= Post-communism =

1980s–1990s period of transition in communist states

GDP per capita of the (former) USSR (1946–2022)

GDP per capita in the post-Soviet states (1973–2022)

GDP per capita of Warsaw Pact members who joined the EU (1973–2022)

Post-communism is the period of political and economic transformation or transition in post-Soviet states and other formerly communist states located in Central Europe, Eastern Europe and parts of Latin America, Africa, and Asia, in which new governments aimed to create free market-oriented capitalist economies. From 1989 until 1992, communist party governance collapsed in most communist party-governed states. After severe hardships, communist parties retained control in China, Cuba, Laos, North Korea, and Vietnam. SFR Yugoslavia began to disintegrate, which plunged the country into a long complex series of wars between ethnic groups and nation-states. Soviet-oriented communist movements collapsed in countries where they were not in control.

== Politics ==

The policies of most communist parties in both the Eastern and Western Blocs had been governed by the example of the Soviet Union. In most countries in the Eastern Bloc, following the Revolutions of 1989 and the fall of communist-led governments that marked the end of the Cold War, the communist parties split in two factions: a reformist social democratic party and a new less reformist-oriented communist party. The newly created social democratic parties were generally larger and more powerful than the remaining communist parties—only in Belarus, Ukraine, Kazakhstan, Moldova, Russia, and Tajikistan did the communist parties remain a significant force.

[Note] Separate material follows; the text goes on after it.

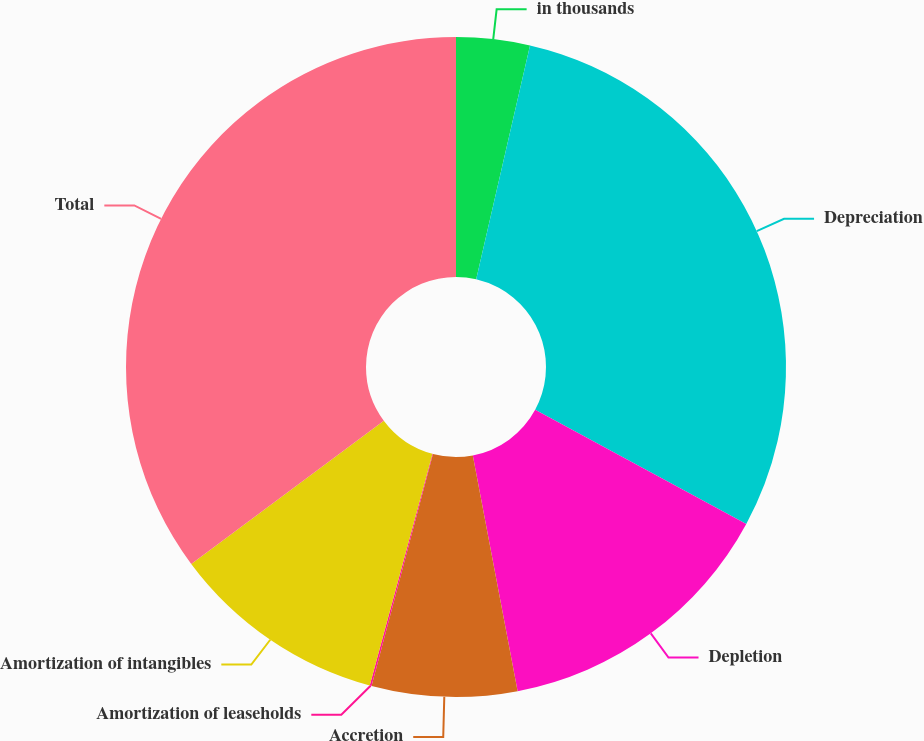<chart> <loc_0><loc_0><loc_500><loc_500><pie_chart><fcel>in thousands<fcel>Depreciation<fcel>Depletion<fcel>Accretion<fcel>Amortization of leaseholds<fcel>Amortization of intangibles<fcel>Total<nl><fcel>3.6%<fcel>29.29%<fcel>14.12%<fcel>7.11%<fcel>0.09%<fcel>10.61%<fcel>35.18%<nl></chart>

In the Western Bloc, many of the self-styled communist parties reacted by changing their policies to a social democratic and democratic socialist course. In countries such as Japan, Italy and reunited Germany, post-communism is marked by the increased influence of their existing social democrats. The anti-Soviet communist parties in the Western Bloc (e.g. the Trotskyist parties) who felt that the dissolution of the Soviet Union vindicated their views and predictions did not particularly prosper from it—in fact, some became less radical as well.

== Economy ==
Several communist states had undergone economic reforms from a command economy towards a more market-oriented economy in the 1980s, notably Hungary, Poland, Bulgaria and Yugoslavia. The post-communist economic transition was much more abrupt and aimed at creating fully capitalist economies.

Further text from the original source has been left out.